- _WORK TO BE COMPLETED_
Beginning with the opening line of the entries, return every line through the one containing "100\% = 1,360\%$$", both included, and nothing else. Omit pictures.

Collected data
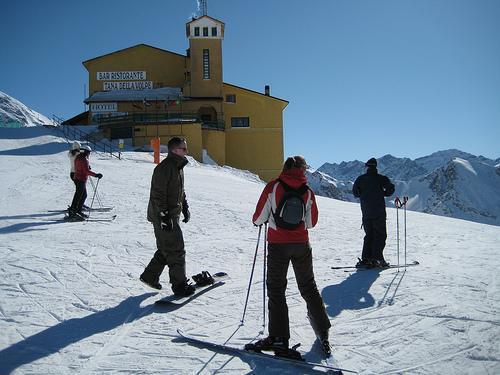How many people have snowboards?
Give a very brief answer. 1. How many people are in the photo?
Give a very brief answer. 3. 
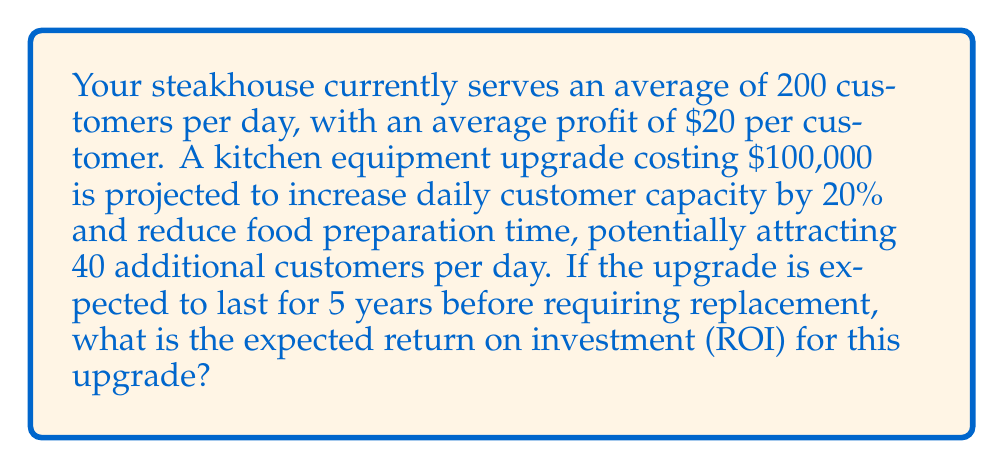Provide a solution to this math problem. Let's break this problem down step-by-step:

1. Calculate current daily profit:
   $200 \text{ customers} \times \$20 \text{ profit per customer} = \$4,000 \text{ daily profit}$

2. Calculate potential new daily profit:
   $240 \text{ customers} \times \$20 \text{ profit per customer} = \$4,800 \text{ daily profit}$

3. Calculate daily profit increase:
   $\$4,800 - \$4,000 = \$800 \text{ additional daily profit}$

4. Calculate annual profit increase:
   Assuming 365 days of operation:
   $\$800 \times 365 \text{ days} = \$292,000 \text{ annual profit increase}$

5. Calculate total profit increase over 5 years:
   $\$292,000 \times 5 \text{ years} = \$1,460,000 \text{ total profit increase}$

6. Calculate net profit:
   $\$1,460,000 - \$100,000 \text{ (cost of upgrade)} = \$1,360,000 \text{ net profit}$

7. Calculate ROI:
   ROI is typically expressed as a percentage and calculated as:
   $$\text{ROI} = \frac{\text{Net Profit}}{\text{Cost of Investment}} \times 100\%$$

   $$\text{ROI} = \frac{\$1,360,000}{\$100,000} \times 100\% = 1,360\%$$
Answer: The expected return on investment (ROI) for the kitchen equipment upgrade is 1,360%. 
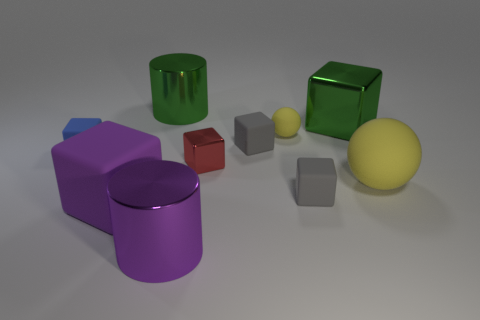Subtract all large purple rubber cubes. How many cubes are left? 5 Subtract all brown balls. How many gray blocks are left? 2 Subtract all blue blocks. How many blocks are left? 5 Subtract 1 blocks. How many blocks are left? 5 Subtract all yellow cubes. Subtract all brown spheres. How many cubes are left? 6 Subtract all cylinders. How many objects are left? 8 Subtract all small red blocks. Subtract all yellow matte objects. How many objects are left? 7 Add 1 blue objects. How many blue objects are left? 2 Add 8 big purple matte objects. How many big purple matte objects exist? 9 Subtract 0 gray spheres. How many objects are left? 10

- _REPLY_
How many people have snowboards?
Give a very brief answer. 1. How many people are in the photo?
Give a very brief answer. 3. 
Provide a solution to this math problem. Let's break this problem down step-by-step:

1. Calculate current daily profit:
   $200 \text{ customers} \times \$20 \text{ profit per customer} = \$4,000 \text{ daily profit}$

2. Calculate potential new daily profit:
   $240 \text{ customers} \times \$20 \text{ profit per customer} = \$4,800 \text{ daily profit}$

3. Calculate daily profit increase:
   $\$4,800 - \$4,000 = \$800 \text{ additional daily profit}$

4. Calculate annual profit increase:
   Assuming 365 days of operation:
   $\$800 \times 365 \text{ days} = \$292,000 \text{ annual profit increase}$

5. Calculate total profit increase over 5 years:
   $\$292,000 \times 5 \text{ years} = \$1,460,000 \text{ total profit increase}$

6. Calculate net profit:
   $\$1,460,000 - \$100,000 \text{ (cost of upgrade)} = \$1,360,000 \text{ net profit}$

7. Calculate ROI:
   ROI is typically expressed as a percentage and calculated as:
   $$\text{ROI} = \frac{\text{Net Profit}}{\text{Cost of Investment}} \times 100\%$$

   $$\text{ROI} = \frac{\$1,360,000}{\$100,000} \times 100\% = 1,360\%$$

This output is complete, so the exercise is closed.